The next step in creating the embeddings for the LLM is to generate the input–target pairs required for training an LLM.

In [5]:
from IPython.display import HTML

import tiktoken
from rich import print as rprint

tokenizer = tiktoken.get_encoding("gpt2")

with open("the-verdict.txt", "r", encoding="utf-8") as f:
    raw_text = f.read()

enc_text = tokenizer.encode(raw_text)
text_str = 'The total number of tokens in the training set, after applying the BPE tokenizer'
rprint(f"{text_str}: {len(enc_text)}")

display(HTML(
    """Executing this code will return 5145,
    the total number of tokens in the training set,
    after applying the BPE tokenizer."""
))

enc_sample = enc_text[50:]
rprint(f"{enc_sample[:2]}")

display(HTML(
    """One of the easiest and most intuitive ways to create 
    the input-target pairs for the next-word prediction task 
    is to create two variables, x and y, where x contains 
    the input tokens and y contains the targets, 
    which are the inputs shifted by 1:"""
))

context_size = 4
x = enc_sample[:context_size]
y = enc_sample[1 : context_size + 1]  # Shifted by 1
rprint(f"features: {x}")
rprint(f"labels: \t {y}")
rprint(f"features (decoded): {tokenizer.decode(x)}")
rprint(f"labels (decoded): \t {tokenizer.decode(y)}")

display(HTML(
    """By processing the inputs along with the targets, 
    which are the inputs shifted by one position, 
    we can create the next-word prediction tasks"""
))

# Setting up for next word prediction
for i in range(1, context_size + 1):
    context = enc_sample[:i]
    desired = enc_sample[i]
    rprint(context, "---->", desired)

# # Decoding
for i in range(1, context_size + 1):
    context = enc_sample[:i]
    desired = enc_sample[i]
    rprint(
        tokenizer.decode(context),
        "---->",
        tokenizer.decode([desired]),
    )

---

We've now created the input–target pairs that we can use for LLM training.

### Data loader

There's only one more task before we can turn the tokens into embeddings: implementing an efficient data loader that iterates over the input dataset and returns the inputs and targets as PyTorch tensors, which can be thought of as multidimensional arrays.
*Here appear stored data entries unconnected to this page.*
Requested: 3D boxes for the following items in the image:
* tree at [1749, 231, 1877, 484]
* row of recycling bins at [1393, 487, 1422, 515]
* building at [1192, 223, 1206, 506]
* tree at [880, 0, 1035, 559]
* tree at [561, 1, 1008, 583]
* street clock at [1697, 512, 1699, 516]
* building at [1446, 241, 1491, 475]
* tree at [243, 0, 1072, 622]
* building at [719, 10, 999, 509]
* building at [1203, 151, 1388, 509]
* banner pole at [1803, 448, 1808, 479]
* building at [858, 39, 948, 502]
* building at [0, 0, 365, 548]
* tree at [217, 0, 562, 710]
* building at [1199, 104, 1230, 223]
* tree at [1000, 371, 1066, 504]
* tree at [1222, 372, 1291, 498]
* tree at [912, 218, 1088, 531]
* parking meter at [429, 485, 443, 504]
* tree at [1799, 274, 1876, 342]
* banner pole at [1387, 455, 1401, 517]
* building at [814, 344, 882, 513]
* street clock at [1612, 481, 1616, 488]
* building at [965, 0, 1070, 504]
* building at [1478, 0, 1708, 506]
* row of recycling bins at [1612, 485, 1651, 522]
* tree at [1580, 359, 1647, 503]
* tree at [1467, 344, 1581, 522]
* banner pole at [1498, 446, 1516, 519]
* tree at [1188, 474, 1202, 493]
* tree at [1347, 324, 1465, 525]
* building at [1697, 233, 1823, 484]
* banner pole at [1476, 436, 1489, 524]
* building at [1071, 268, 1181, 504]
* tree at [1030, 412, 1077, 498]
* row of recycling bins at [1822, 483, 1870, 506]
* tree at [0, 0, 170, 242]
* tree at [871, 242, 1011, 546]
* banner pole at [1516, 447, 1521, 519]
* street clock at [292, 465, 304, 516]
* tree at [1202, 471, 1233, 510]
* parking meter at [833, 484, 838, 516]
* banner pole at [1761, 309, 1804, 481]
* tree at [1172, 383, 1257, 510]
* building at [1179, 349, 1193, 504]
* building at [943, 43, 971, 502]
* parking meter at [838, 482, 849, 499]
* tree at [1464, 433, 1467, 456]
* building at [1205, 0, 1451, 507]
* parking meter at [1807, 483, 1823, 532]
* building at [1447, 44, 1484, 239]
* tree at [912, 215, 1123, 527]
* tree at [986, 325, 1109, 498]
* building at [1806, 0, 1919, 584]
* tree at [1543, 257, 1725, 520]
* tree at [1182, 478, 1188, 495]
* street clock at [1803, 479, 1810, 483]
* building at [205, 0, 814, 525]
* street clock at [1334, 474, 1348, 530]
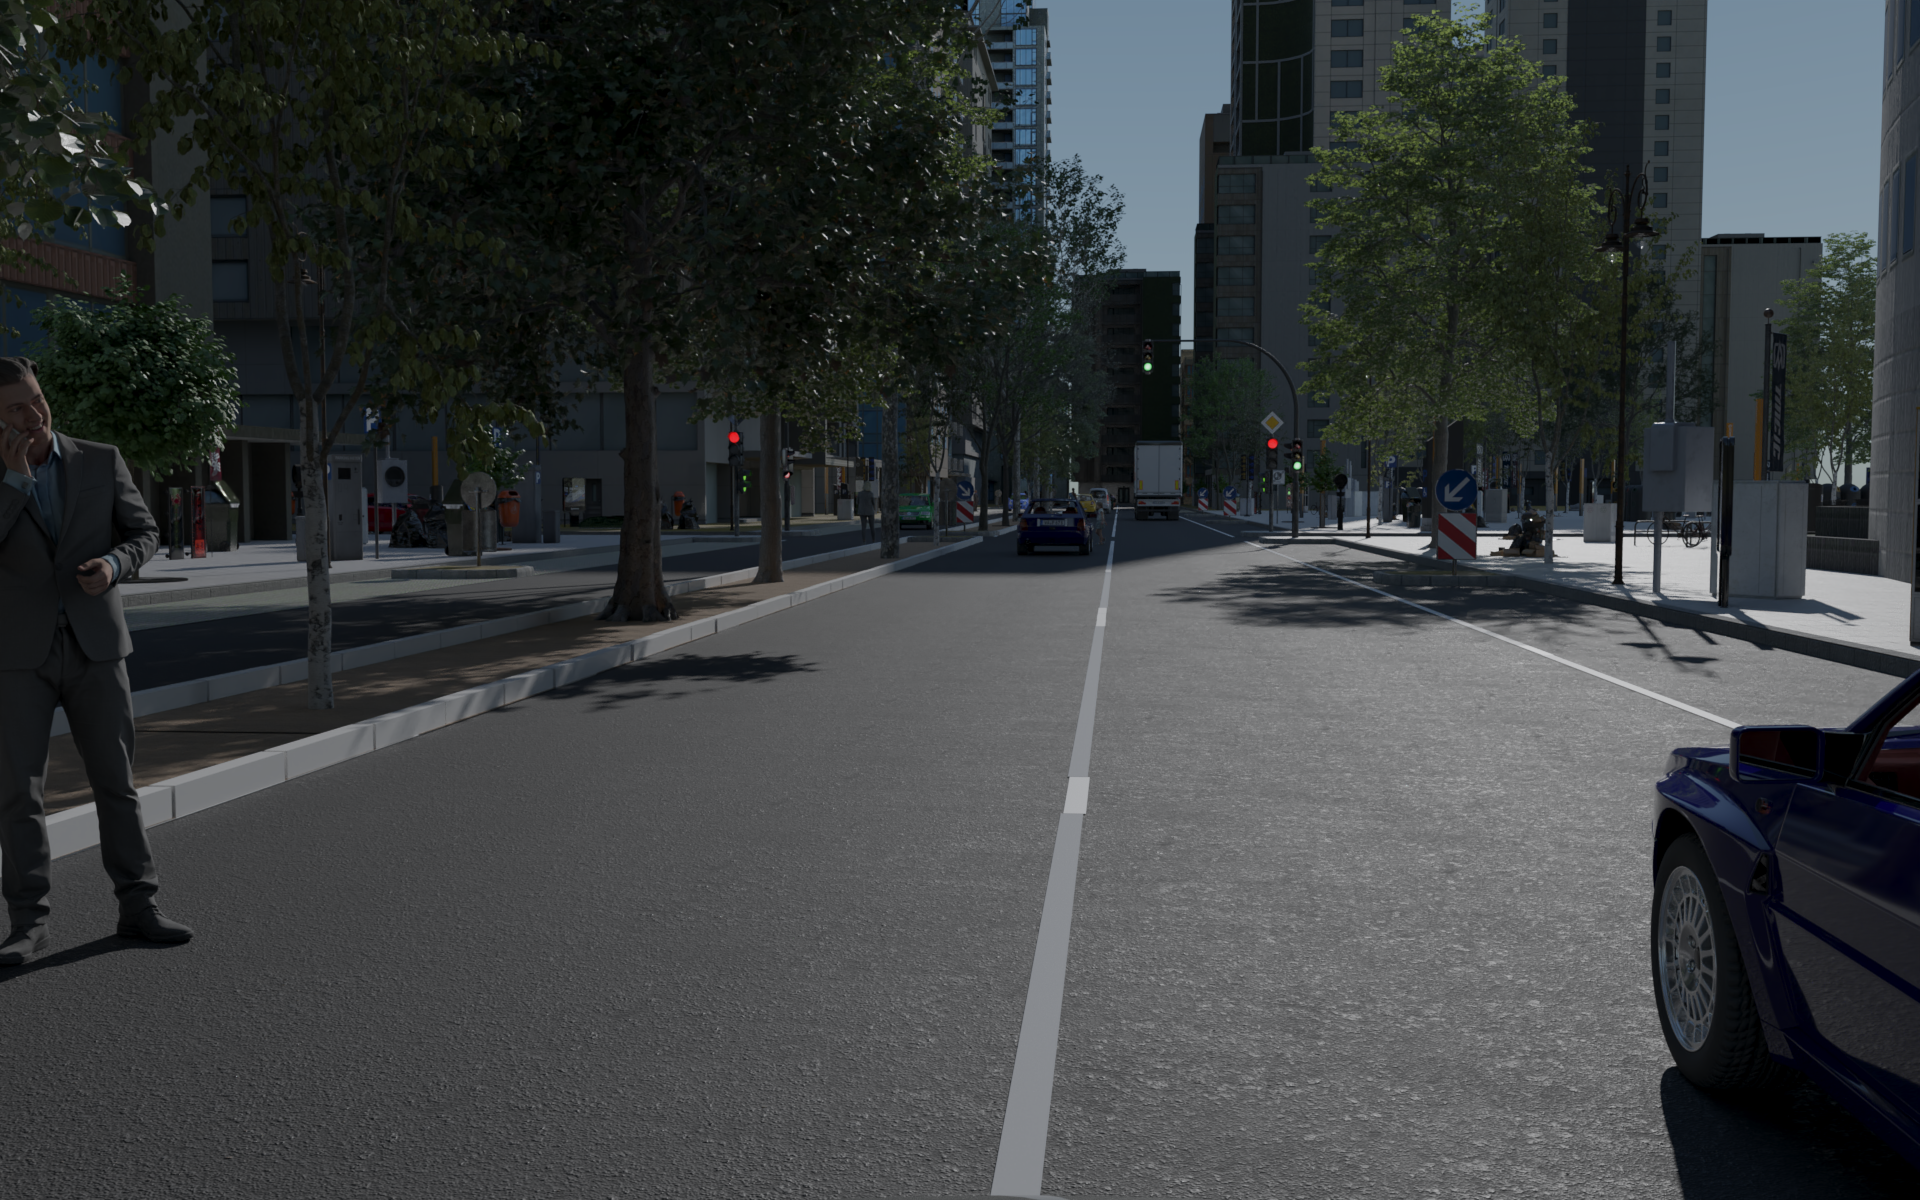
[{"bbox_3d":[38.670,-9.625,75.503,7.486,12.596,7.792,0,3,0],"label":"tree"},{"bbox_3d":[28.000,-6.219,108.795,3.534,1.692,1.069,-3,4,-36],"label":"row of recycling bins"},{"bbox_3d":[31.987,-25.323,185.732,14.160,30.474,14.107,0,4,5],"label":"building"},{"bbox_3d":[-2.682,-11.032,38.726,12.611,20.169,13.585,0,3,0],"label":"tree"},{"bbox_3d":[-3.142,-6.576,28.105,7.486,12.596,7.792,0,3,0],"label":"tree"},{"bbox_3d":[40.354,-5.523,94.864,0.471,2.002,0.358,0,4,8],"label":"street clock"},{"bbox_3d":[52.010,-26.105,198.521,14.107,30.474,14.160,0,4,5],"label":"building"},{"bbox_3d":[-3.622,-6.117,19.476,9.611,12.733,9.660,0,3,0],"label":"tree"},{"bbox_3d":[-10.345,-37.148,196.605,27.495,52.752,28.713,0,4,5],"label":"building"},{"bbox_3d":[28.938,-23.148,150.176,14.160,30.474,14.107,0,4,5],"label":"building"},{"bbox_3d":[45.430,-6.311,93.202,0.401,3.779,0.863,0,4,5],"label":"banner pole"},{"bbox_3d":[-8.591,-30.178,143.526,14.600,45.320,14.200,0,4,5],"label":"building"},{"bbox_3d":[-32.629,-23.558,39.806,28.867,44.769,22.147,0,4,5],"label":"building"},{"bbox_3d":[-4.230,-3.559,11.014,4.737,8.622,4.395,0,3,0],"label":"tree"},{"bbox_3d":[34.644,-33.586,199.247,14.600,45.320,14.200,0,4,5],"label":"building"},{"bbox_3d":[4.040,-8.985,99.731,4.737,8.622,4.395,0,3,0],"label":"tree"},{"bbox_3d":[17.826,-9.488,105.494,4.360,8.622,3.978,0,3,0],"label":"tree"},{"bbox_3d":[0.970,-8.335,64.485,9.928,11.665,9.643,0,3,0],"label":"tree"},{"bbox_3d":[-15.215,-2.565,50.344,0.372,1.533,0.369,0,3,0],"label":"parking meter"},{"bbox_3d":[29.745,-6.642,58.951,4.737,8.622,4.395,0,3,0],"label":"tree"},{"bbox_3d":[24.693,-6.646,98.680,0.863,3.779,0.401,0,4,-1],"label":"banner pole"},{"bbox_3d":[-15.956,-41.923,123.695,20.563,71.187,20.611,0,4,5],"label":"building"},{"bbox_3d":[35.623,-5.463,93.888,0.358,2.002,0.471,-3,5,-39],"label":"street clock"},{"bbox_3d":[-0.940,-56.096,229.843,31.000,86.520,22.319,0,4,5],"label":"building"},{"bbox_3d":[69.090,-46.190,193.456,20.611,71.187,20.563,0,4,5],"label":"building"},{"bbox_3d":[31.517,-4.532,81.209,1.069,1.692,3.534,0,4,3],"label":"row of recycling bins"},{"bbox_3d":[33.097,-8.521,89.676,4.360,8.622,3.978,0,3,0],"label":"tree"},{"bbox_3d":[26.035,-7.923,79.906,4.360,8.622,3.978,0,3,0],"label":"tree"},{"bbox_3d":[28.005,-6.073,89.308,0.863,3.779,0.401,3,4,38],"label":"banner pole"},{"bbox_3d":[23.113,-10.507,166.387,1.663,3.219,1.824,0,3,0],"label":"tree"},{"bbox_3d":[17.473,-7.377,70.983,4.360,8.622,3.978,0,3,0],"label":"tree"},{"bbox_3d":[87.327,-25.947,195.927,14.107,30.474,14.160,0,4,5],"label":"building"},{"bbox_3d":[22.507,-5.181,74.734,0.863,3.779,0.401,-3,4,-37],"label":"banner pole"},{"bbox_3d":[21.462,-27.731,225.102,14.107,30.474,14.160,0,4,5],"label":"building"},{"bbox_3d":[6.639,-10.645,126.872,4.360,8.622,3.978,0,3,0],"label":"tree"},{"bbox_3d":[34.448,-3.624,66.366,3.534,1.692,1.069,0,4,-7],"label":"row of recycling bins"},{"bbox_3d":[-4.859,-5.773,3.495,9.857,13.997,8.962,0,3,0],"label":"tree"},{"bbox_3d":[-0.642,-5.791,47.497,4.360,8.622,3.978,0,3,0],"label":"tree"},{"bbox_3d":[29.129,-6.156,90.665,0.401,3.779,0.863,-1,4,-21],"label":"banner pole"},{"bbox_3d":[-16.282,-2.332,42.703,0.358,2.002,0.471,-3,4,-37],"label":"street clock"},{"bbox_3d":[21.452,-9.062,142.757,1.663,3.219,1.824,0,3,0],"label":"tree"},{"bbox_3d":[-7.338,-5.969,103.304,0.399,1.863,0.255,1,4,15],"label":"parking meter"},{"bbox_3d":[11.088,-2.057,23.650,0.863,3.779,0.401,-3,5,-43],"label":"banner pole"},{"bbox_3d":[20.082,-12.363,136.541,7.601,10.594,8.767,0,4,-5],"label":"tree"},{"bbox_3d":[43.935,-23.588,230.710,28.899,21.520,27.650,0,4,5],"label":"building"},{"bbox_3d":[-11.502,-33.444,166.415,23.786,49.044,30.456,0,4,5],"label":"building"},{"bbox_3d":[-5.703,-4.907,85.939,0.399,1.863,0.255,0,4,8],"label":"parking meter"},{"bbox_3d":[24.899,-8.674,92.188,4.360,8.622,3.978,0,3,0],"label":"tree"},{"bbox_3d":[34.639,-44.531,166.330,20.563,71.187,20.611,0,4,5],"label":"building"},{"bbox_3d":[19.570,-1.915,39.722,0.372,1.533,0.369,0,3,0],"label":"parking meter"},{"bbox_3d":[73.269,-41.646,222.909,28.212,58.520,21.231,0,4,5],"label":"building"},{"bbox_3d":[2.033,-9.976,75.929,12.009,13.543,11.850,0,3,0],"label":"tree"},{"bbox_3d":[5.860,-12.871,119.555,9.857,13.997,8.962,0,3,0],"label":"tree"},{"bbox_3d":[23.530,-29.187,19.209,21.231,58.520,28.212,0,4,5],"label":"building"},{"bbox_3d":[26.519,-8.195,68.395,7.601,10.594,8.767,2,4,31],"label":"tree"},{"bbox_3d":[25.821,-12.649,201.418,1.663,3.219,1.824,0,3,0],"label":"tree"},{"bbox_3d":[41.179,-4.875,84.284,0.358,2.002,0.471,3,5,42],"label":"street clock"},{"bbox_3d":[-20.545,-30.260,83.983,28.713,52.752,27.495,0,4,5],"label":"building"},{"bbox_3d":[13.541,-3.490,61.624,0.471,2.002,0.358,0,4,6],"label":"street clock"}]

In particular, we are interested in returning two tensors:
* An input tensor containing the text that the LLM sees;
* A target tensor that includes the targets for the LLM to predict

In [6]:
import torch
from torch.utils.data import Dataset, DataLoader
import tiktoken
from rich import print as rprint


class GPTDatasetV1(Dataset):
    def __init__(self, txt, tokenizer, max_length, stride):
        self.input_ids = []
        self.target_ids = []

        token_ids = tokenizer.encode(txt)

        for i in range(
            0, len(token_ids) - max_length, stride
        ):
            input_chunk = token_ids[i : i + max_length]
            target_chunk = token_ids[
                i + 1 : i + max_length + 1
            ]
            # target_chunk = token_ids[
            #     i + stride : i + max_length + stride
            # ]
            self.input_ids.append(torch.tensor(input_chunk))
            self.target_ids.append(
                torch.tensor(target_chunk)
            )

    def __len__(self):
        return len(self.input_ids)

    def __getitem__(self, idx):
        return self.input_ids[idx], self.target_ids[idx]


def create_dataloader_v1(
    txt,
    batch_size=4,
    max_length=256,
    stride=128,
    shuffle=True,
    drop_last=True,
    num_workers=0,
):
    tokenizer = tiktoken.get_encoding("gpt2")
    dataset = GPTDatasetV1(
        txt, tokenizer, max_length, stride
    )
    dataloader = DataLoader(
        dataset,
        batch_size=batch_size,
        shuffle=shuffle,
        drop_last=drop_last,
        num_workers=num_workers,
    )

    return dataloader


with open("the-verdict.txt", "r", encoding="utf-8") as f:
    raw_text = f.read()

dataloader = create_dataloader_v1(
    raw_text,
    batch_size=1,
    max_length=4,
    stride=1,
    shuffle=False,
)


data_iter = iter(dataloader)

display(HTML(
    """Output first batch (stride=1):"""
))

inputs, targets = next(data_iter)

rprint(f"Inputs:\n {inputs}")
rprint(f"\nTargets:\n {targets}")

display(HTML(
    """Output second batch (stride=1):"""
))

second_batch = next(data_iter)
rprint(second_batch)

display(HTML(
    """A stride of 4 moves the input field by 4 positions:"""
))

dataloader = create_dataloader_v1(
    raw_text, batch_size=8, max_length=4, stride=4,
    shuffle=False
)

data_iter = iter(dataloader)
inputs, targets = next(data_iter)
rprint("Inputs:\n", inputs)
rprint("\nTargets:\n", targets)

### Create token embeddings

The last step in preparing the input text for LLM training is to convert the token IDs into embedding vectors.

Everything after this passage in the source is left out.